TASK INSTRUCTIONS »
Under this line is some data; print exactly the lines from the one containing "Write the answer" through its last line, without pictures.

-------- DATASET --------

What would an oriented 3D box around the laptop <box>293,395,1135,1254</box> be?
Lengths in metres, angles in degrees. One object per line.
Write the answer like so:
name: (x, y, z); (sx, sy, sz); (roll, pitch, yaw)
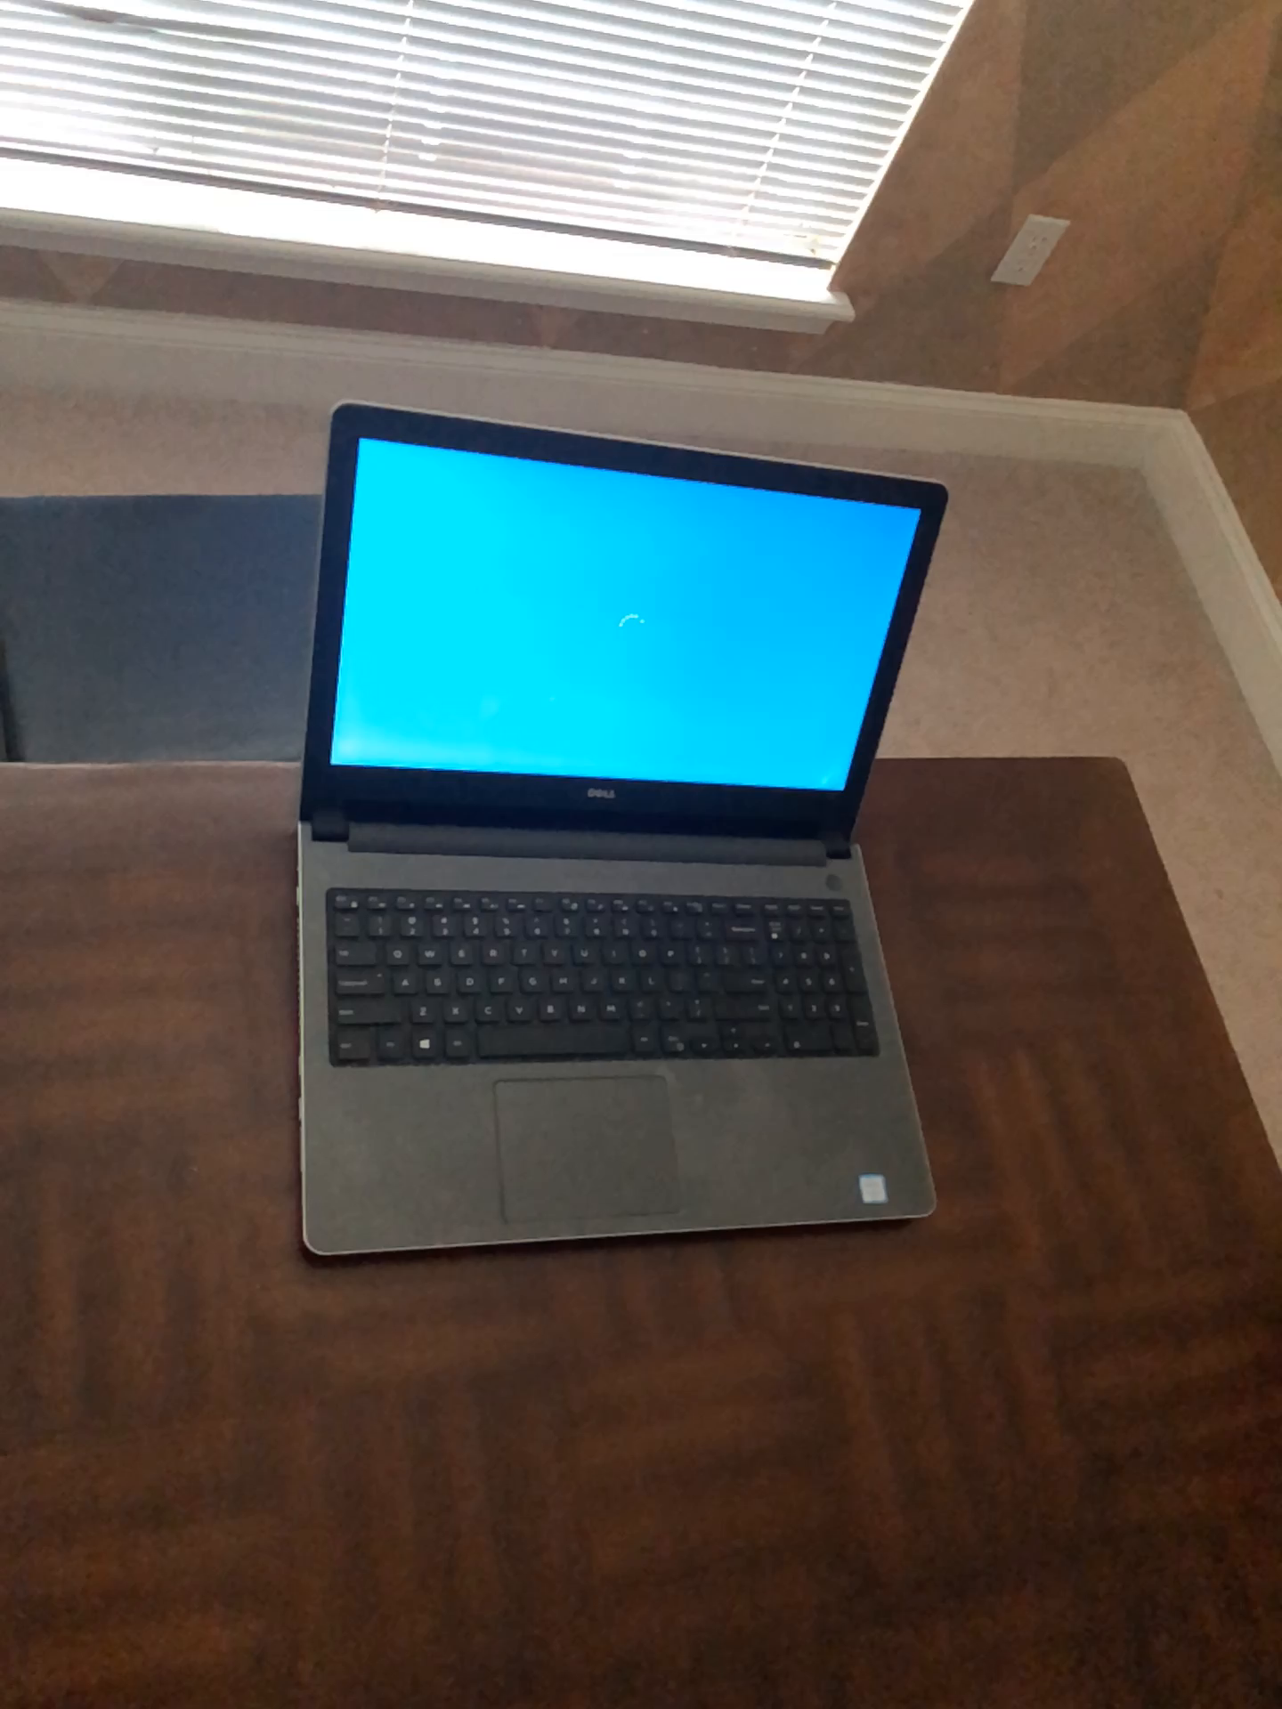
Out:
laptop: (0.009, -0.009, 0.781); (0.367, 0.199, 0.393); (2, 62, -20)

--------

WRITTEN ANSWER »
Write the answer like so:
name: (x, y, z); (sx, sy, sz); (roll, pitch, yaw)
Out:
laptop: (0.009, -0.009, 0.781); (0.367, 0.199, 0.393); (2, 62, -20)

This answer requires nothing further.